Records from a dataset
================

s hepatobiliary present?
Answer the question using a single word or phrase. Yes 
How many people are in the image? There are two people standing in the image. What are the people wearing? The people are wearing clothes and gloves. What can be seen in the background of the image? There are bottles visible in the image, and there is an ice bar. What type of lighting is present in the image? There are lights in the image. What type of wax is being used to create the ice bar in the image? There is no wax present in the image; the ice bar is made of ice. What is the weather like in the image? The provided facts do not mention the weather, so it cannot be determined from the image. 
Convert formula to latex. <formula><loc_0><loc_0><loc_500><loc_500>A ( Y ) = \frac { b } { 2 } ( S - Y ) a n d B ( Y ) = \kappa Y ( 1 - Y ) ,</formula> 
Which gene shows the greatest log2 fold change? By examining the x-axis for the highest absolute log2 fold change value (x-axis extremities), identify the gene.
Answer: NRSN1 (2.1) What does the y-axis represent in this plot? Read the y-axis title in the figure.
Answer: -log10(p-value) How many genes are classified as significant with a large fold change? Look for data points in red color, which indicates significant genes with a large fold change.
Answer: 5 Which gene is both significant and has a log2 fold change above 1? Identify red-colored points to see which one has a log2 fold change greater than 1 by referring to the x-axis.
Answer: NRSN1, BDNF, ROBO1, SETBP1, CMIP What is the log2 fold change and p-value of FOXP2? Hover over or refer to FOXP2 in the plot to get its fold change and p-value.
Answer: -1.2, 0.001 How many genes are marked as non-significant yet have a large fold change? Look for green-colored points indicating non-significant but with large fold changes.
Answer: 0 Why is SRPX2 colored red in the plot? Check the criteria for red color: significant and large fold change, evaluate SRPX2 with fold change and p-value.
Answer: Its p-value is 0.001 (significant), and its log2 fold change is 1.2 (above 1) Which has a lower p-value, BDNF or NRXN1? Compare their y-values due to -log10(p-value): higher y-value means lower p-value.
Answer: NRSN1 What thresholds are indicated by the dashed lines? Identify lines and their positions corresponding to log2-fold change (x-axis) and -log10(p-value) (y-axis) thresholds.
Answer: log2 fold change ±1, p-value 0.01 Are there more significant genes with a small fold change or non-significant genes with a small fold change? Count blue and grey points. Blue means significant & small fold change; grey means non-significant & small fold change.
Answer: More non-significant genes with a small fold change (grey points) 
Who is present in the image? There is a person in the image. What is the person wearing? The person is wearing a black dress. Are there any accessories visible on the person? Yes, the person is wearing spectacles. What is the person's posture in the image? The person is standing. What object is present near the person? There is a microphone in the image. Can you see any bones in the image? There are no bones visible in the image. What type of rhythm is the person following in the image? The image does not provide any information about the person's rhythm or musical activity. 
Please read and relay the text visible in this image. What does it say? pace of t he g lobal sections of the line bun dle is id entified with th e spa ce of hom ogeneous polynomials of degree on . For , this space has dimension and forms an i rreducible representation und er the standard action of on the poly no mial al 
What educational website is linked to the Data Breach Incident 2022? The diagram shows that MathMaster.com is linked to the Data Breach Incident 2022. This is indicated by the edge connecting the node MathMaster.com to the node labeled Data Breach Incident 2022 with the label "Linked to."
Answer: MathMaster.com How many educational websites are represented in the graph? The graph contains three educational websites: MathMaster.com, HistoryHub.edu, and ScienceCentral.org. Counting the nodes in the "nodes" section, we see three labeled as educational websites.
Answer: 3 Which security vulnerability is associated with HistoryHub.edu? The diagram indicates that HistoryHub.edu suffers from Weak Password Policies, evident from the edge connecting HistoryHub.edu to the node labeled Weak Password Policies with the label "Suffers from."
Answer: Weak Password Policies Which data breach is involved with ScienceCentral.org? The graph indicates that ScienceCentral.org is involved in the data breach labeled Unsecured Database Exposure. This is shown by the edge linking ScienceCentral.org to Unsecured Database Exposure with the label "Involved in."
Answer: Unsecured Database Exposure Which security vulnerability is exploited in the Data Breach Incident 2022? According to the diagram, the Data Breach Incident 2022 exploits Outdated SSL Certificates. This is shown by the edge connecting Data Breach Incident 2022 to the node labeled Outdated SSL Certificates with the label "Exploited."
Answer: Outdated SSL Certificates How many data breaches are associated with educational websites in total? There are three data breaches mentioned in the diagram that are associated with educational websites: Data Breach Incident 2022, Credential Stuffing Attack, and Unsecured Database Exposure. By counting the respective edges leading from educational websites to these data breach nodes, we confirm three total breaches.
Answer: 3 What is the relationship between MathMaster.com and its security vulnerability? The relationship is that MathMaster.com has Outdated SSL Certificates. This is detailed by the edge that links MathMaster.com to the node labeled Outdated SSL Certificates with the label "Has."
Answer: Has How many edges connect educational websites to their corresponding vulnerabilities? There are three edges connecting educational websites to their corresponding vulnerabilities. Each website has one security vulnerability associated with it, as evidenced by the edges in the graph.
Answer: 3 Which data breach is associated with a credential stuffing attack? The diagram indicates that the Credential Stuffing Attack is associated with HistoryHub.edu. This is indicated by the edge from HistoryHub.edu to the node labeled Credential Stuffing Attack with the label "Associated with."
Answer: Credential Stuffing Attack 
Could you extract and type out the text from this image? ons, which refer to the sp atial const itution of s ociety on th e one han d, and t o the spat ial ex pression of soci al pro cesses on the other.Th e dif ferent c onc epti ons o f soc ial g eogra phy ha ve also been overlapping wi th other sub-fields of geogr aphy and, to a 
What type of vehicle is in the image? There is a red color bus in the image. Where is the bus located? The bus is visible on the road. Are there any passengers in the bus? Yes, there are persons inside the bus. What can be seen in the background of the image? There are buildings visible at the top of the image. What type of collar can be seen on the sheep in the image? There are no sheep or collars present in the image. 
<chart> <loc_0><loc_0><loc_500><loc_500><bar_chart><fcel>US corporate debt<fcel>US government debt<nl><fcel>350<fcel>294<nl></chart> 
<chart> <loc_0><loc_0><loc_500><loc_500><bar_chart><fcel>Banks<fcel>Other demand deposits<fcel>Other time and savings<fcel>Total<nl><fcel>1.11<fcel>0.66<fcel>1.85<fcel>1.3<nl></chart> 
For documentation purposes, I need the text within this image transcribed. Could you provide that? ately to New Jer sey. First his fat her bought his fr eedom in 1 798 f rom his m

================

=== Exercise goal ===
Please reproduce all of the entries above exactly as they appear.

=== Exercise result ===
s hepatobiliary present?
Answer the question using a single word or phrase. Yes 
How many people are in the image? There are two people standing in the image. What are the people wearing? The people are wearing clothes and gloves. What can be seen in the background of the image? There are bottles visible in the image, and there is an ice bar. What type of lighting is present in the image? There are lights in the image. What type of wax is being used to create the ice bar in the image? There is no wax present in the image; the ice bar is made of ice. What is the weather like in the image? The provided facts do not mention the weather, so it cannot be determined from the image. 
Convert formula to latex. <formula><loc_0><loc_0><loc_500><loc_500>A ( Y ) = \frac { b } { 2 } ( S - Y ) a n d B ( Y ) = \kappa Y ( 1 - Y ) ,</formula> 
Which gene shows the greatest log2 fold change? By examining the x-axis for the highest absolute log2 fold change value (x-axis extremities), identify the gene.
Answer: NRSN1 (2.1) What does the y-axis represent in this plot? Read the y-axis title in the figure.
Answer: -log10(p-value) How many genes are classified as significant with a large fold change? Look for data points in red color, which indicates significant genes with a large fold change.
Answer: 5 Which gene is both significant and has a log2 fold change above 1? Identify red-colored points to see which one has a log2 fold change greater than 1 by referring to the x-axis.
Answer: NRSN1, BDNF, ROBO1, SETBP1, CMIP What is the log2 fold change and p-value of FOXP2? Hover over or refer to FOXP2 in the plot to get its fold change and p-value.
Answer: -1.2, 0.001 How many genes are marked as non-significant yet have a large fold change? Look for green-colored points indicating non-significant but with large fold changes.
Answer: 0 Why is SRPX2 colored red in the plot? Check the criteria for red color: significant and large fold change, evaluate SRPX2 with fold change and p-value.
Answer: Its p-value is 0.001 (significant), and its log2 fold change is 1.2 (above 1) Which has a lower p-value, BDNF or NRXN1? Compare their y-values due to -log10(p-value): higher y-value means lower p-value.
Answer: NRSN1 What thresholds are indicated by the dashed lines? Identify lines and their positions corresponding to log2-fold change (x-axis) and -log10(p-value) (y-axis) thresholds.
Answer: log2 fold change ±1, p-value 0.01 Are there more significant genes with a small fold change or non-significant genes with a small fold change? Count blue and grey points. Blue means significant & small fold change; grey means non-significant & small fold change.
Answer: More non-significant genes with a small fold change (grey points) 
Who is present in the image? There is a person in the image. What is the person wearing? The person is wearing a black dress. Are there any accessories visible on the person? Yes, the person is wearing spectacles. What is the person's posture in the image? The person is standing. What object is present near the person? There is a microphone in the image. Can you see any bones in the image? There are no bones visible in the image. What type of rhythm is the person following in the image? The image does not provide any information about the person's rhythm or musical activity. 
Please read and relay the text visible in this image. What does it say? pace of t he g lobal sections of the line bun dle is id entified with th e spa ce of hom ogeneous polynomials of degree on . For , this space has dimension and forms an i rreducible representation und er the standard action of on the poly no mial al 
What educational website is linked to the Data Breach Incident 2022? The diagram shows that MathMaster.com is linked to the Data Breach Incident 2022. This is indicated by the edge connecting the node MathMaster.com to the node labeled Data Breach Incident 2022 with the label "Linked to."
Answer: MathMaster.com How many educational websites are represented in the graph? The graph contains three educational websites: MathMaster.com, HistoryHub.edu, and ScienceCentral.org. Counting the nodes in the "nodes" section, we see three labeled as educational websites.
Answer: 3 Which security vulnerability is associated with HistoryHub.edu? The diagram indicates that HistoryHub.edu suffers from Weak Password Policies, evident from the edge connecting HistoryHub.edu to the node labeled Weak Password Policies with the label "Suffers from."
Answer: Weak Password Policies Which data breach is involved with ScienceCentral.org? The graph indicates that ScienceCentral.org is involved in the data breach labeled Unsecured Database Exposure. This is shown by the edge linking ScienceCentral.org to Unsecured Database Exposure with the label "Involved in."
Answer: Unsecured Database Exposure Which security vulnerability is exploited in the Data Breach Incident 2022? According to the diagram, the Data Breach Incident 2022 exploits Outdated SSL Certificates. This is shown by the edge connecting Data Breach Incident 2022 to the node labeled Outdated SSL Certificates with the label "Exploited."
Answer: Outdated SSL Certificates How many data breaches are associated with educational websites in total? There are three data breaches mentioned in the diagram that are associated with educational websites: Data Breach Incident 2022, Credential Stuffing Attack, and Unsecured Database Exposure. By counting the respective edges leading from educational websites to these data breach nodes, we confirm three total breaches.
Answer: 3 What is the relationship between MathMaster.com and its security vulnerability? The relationship is that MathMaster.com has Outdated SSL Certificates. This is detailed by the edge that links MathMaster.com to the node labeled Outdated SSL Certificates with the label "Has."
Answer: Has How many edges connect educational websites to their corresponding vulnerabilities? There are three edges connecting educational websites to their corresponding vulnerabilities. Each website has one security vulnerability associated with it, as evidenced by the edges in the graph.
Answer: 3 Which data breach is associated with a credential stuffing attack? The diagram indicates that the Credential Stuffing Attack is associated with HistoryHub.edu. This is indicated by the edge from HistoryHub.edu to the node labeled Credential Stuffing Attack with the label "Associated with."
Answer: Credential Stuffing Attack 
Could you extract and type out the text from this image? ons, which refer to the sp atial const itution of s ociety on th e one han d, and t o the spat ial ex pression of soci al pro cesses on the other.Th e dif ferent c onc epti ons o f soc ial g eogra phy ha ve also been overlapping wi th other sub-fields of geogr aphy and, to a 
What type of vehicle is in the image? There is a red color bus in the image. Where is the bus located? The bus is visible on the road. Are there any passengers in the bus? Yes, there are persons inside the bus. What can be seen in the background of the image? There are buildings visible at the top of the image. What type of collar can be seen on the sheep in the image? There are no sheep or collars present in the image. 
<chart> <loc_0><loc_0><loc_500><loc_500><bar_chart><fcel>US corporate debt<fcel>US government debt<nl><fcel>350<fcel>294<nl></chart> 
<chart> <loc_0><loc_0><loc_500><loc_500><bar_chart><fcel>Banks<fcel>Other demand deposits<fcel>Other time and savings<fcel>Total<nl><fcel>1.11<fcel>0.66<fcel>1.85<fcel>1.3<nl></chart> 
For documentation purposes, I need the text within this image transcribed. Could you provide that? ately to New Jer sey. First his fat her bought his fr eedom in 1 798 f rom his m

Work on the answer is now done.